Sunday, October 09, 2011

A sensitive reader

The Genesis of Desire, a reading of some of the best known stories of Genesis with Avivah Zornberg. Scots-born Zornberg brings a lot to her reading of the Bible, including modern psychological study coupled with a deep knowledge of the Zohar and the Midrash. The Bible via this sensitive reader begins to seem a very strange, numinous place.

On the flood story:

Ms. Zornberg: Ah, what's happening there. I mean, everything is happening. I think whatever you can read in the text is happening. What I'm interested in is the issue of language and silence, a kind of defensive silence, and the basis for this apparently very modern theme actually is in the Zohar, in the source of Kabbalah.
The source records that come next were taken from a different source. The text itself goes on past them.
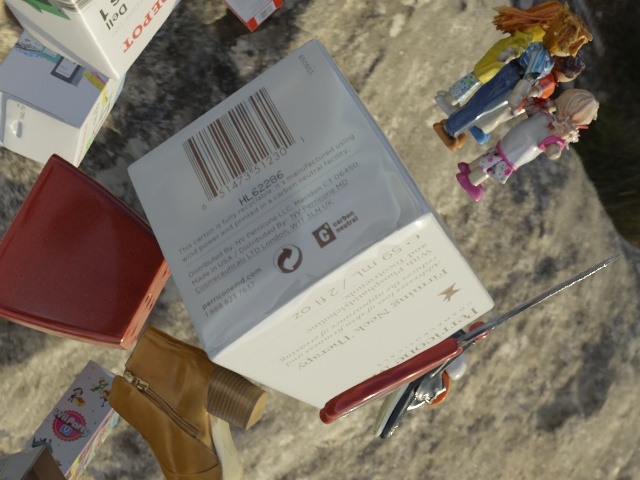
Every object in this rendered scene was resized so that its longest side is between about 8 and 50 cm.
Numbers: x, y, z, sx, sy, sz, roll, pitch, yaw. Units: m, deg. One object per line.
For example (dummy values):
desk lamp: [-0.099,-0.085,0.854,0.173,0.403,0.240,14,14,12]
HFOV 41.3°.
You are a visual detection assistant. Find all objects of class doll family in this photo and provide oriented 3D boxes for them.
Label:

Ms. Tippett: That's interesting too because we never — when that story is told to children, for example, I think it's mostly children who hear the Flood story — we never reflect on the life in the ark. You get the two by two coming on and then coming out at the end.

[snip]

Ms. Zornberg: Yes, yes.

Ms. Tippett: So how does the Zohar …

Ms. Zornberg: The Zohar and Midrashic sources — first of all, how did they all eat? How did the animals eat? It's a big …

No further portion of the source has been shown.